The minimal requirement for transcriptional activation is recruitment of an RNA polymerase complex to a promoter sequence of DNA upstream of an open reading frame (ORF). Most genes are also potentially under the control of DNA-binding regulatory proteins or transcription factors that can activate or silence transcription. In bacteria, activator and repressor proteins bind to operator sequences that are typically found near the promoter, and promoter specificity is typically conferred through the sigma subunit of RNA polymerase, which binds the promoter directly [1]. Eukaryotic transcription factors interact with DNA within the promoter, and are responsible for recruitment of the RNA polymerase complex [2]. Regulatory proteins also bind to conserved sites near the promoter region, as well as to enhancers that can be far (> 10 000 nucleotides) upstream or downstream of the promoter. In all domains of life, transcription factors that bind near the promoter are typically involved in either stabilizing or disrupting the initiation of transcription, while distal enhancer sequences are needed to destabilize the nucleosomes that usually prevent the initiation of transcription in eukaryotes [3].

The identity and spacing of these protein binding sites are key contributors to the responsiveness of a gene to changing cellular conditions, and sets of genes or operons that are expressed under similar conditions often have similar sets of regulatory elements in their 5' upstream regions. Recent programs such as ClusterBuster [4] and Promoter2.0 [5] recognize the need to detect combinations of binding sites in order to characterize promoters or whole regulatory regions. An additional challenge is the possibility of multiple cluster types within a class of genes that respond to the same regulatory stimulus. Artificial neural networks (ANNs) are suited to the task of discovering complex interactions within a set of features, and identifying multiple alternative solutions that yield the same type of response. This type of problem is not linearly separable [6], and would apply to classification problems such as the regulatory cascade of genes that is induced by lipopolysaccharide in mammals, where the entire set of genes is upregulated in response to a stimulus, but time or subresponse specificity is conferred by one of a set of regulatory modules [7,8].

Another issue in the detection and modelling of regulatory regions is the assumption of additivity in DNA-protein interactions when position-specific scoring matrices (PSSMs) are used to model binding sites. In fact, binding affinity has been shown in some cases to depend on interactions between sites [9-11], which suggests that more-sophisticated modelling schemes may be necessary to build accurate models of binding site affinity. PSSMs are a useful and versatile tool and may be adequate for binding site modelling in many cases (see for instance [12]), but the additional flexibility of ANNs may be useful in representing non-additive relationships among components of a binding site.

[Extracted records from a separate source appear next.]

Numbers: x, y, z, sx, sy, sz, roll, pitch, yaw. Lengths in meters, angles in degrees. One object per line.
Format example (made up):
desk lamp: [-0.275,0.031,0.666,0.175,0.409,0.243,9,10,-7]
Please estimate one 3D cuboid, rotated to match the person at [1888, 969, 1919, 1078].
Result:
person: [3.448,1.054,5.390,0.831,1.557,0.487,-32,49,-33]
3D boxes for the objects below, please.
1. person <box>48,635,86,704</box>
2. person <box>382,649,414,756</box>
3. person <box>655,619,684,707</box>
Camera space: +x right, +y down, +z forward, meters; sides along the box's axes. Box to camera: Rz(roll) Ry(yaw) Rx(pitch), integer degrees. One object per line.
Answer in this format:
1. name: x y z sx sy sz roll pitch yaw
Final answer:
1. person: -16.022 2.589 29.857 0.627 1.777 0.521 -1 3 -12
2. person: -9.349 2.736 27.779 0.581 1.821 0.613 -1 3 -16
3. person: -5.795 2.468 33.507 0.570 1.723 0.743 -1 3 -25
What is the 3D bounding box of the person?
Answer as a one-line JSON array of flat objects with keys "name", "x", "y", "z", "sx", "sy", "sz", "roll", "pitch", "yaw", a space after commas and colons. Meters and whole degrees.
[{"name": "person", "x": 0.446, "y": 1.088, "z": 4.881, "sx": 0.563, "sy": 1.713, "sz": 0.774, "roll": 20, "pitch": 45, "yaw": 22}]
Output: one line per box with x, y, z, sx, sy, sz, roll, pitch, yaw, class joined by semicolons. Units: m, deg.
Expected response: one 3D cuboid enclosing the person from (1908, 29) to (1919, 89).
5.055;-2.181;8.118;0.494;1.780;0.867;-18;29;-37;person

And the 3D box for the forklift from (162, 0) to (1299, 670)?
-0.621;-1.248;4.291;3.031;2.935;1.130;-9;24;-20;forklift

The genetic algorithm (GA) is a powerful tool for combinatorial problems of model optimization and feature selection when the 'model space' is complex and has many local optima. Genetic algorithms carry out a number of simultaneous searches in model space, with one or more recombination operators to periodically combine the results of two or more searches, permitting large scale 'jumps' out of locally optimal regions. GAs have been applied to several tasks in computational biology, including sequence alignment (SAGA: [13]) and phylogenetic inference (MetaPIGA: [14]). ModuleSearcher [15] is a recent application of genetic algorithms to the problem of cis-regulatory module detection, with the stochastic GA approach shown to yield similar outcomes to an exact search method in substantially less time. ClusterScan [16] is another recent approach that uses genetic algorithms to detect optimal combinations of binding sites from the TRANSFAC database [17].

Another important question in modelling regulatory regions involves the representation of binding sites. While position-specific scoring matrices (PSSMs) are a popular and effective way of representing conserved sites [18], other strategies such as consensus sequences, sequence composition and structural features [19] can be considered as well. Structural features should be of particular interest, since DNA deformability appears to play a role in at least some regulatory interactions such as the binding of Escherichia coli integration host factor (IHF) to its target sequence [20], the correct orientation of both halves of bacterial promoter sequences [21] and the dynamics of histone/DNA interactions [22]. DNA structural properties have been derived from crystal and nuclear magnetic resonance experiments and from theoretical simulations, and different oligonucleotides have different propensities toward unwinding, wrapping around other molecules, and deformation in response to ligand binding (reviewed in [23]). While there is still considerable controversy in the structural field about issues such as A-tract curvature [24], and there have been questions about the role of experimental conditions in determining results [25-27], carefully selected parameters can permit the testing of specific structural hypotheses pertaining to regulatory protein-DNA interactions.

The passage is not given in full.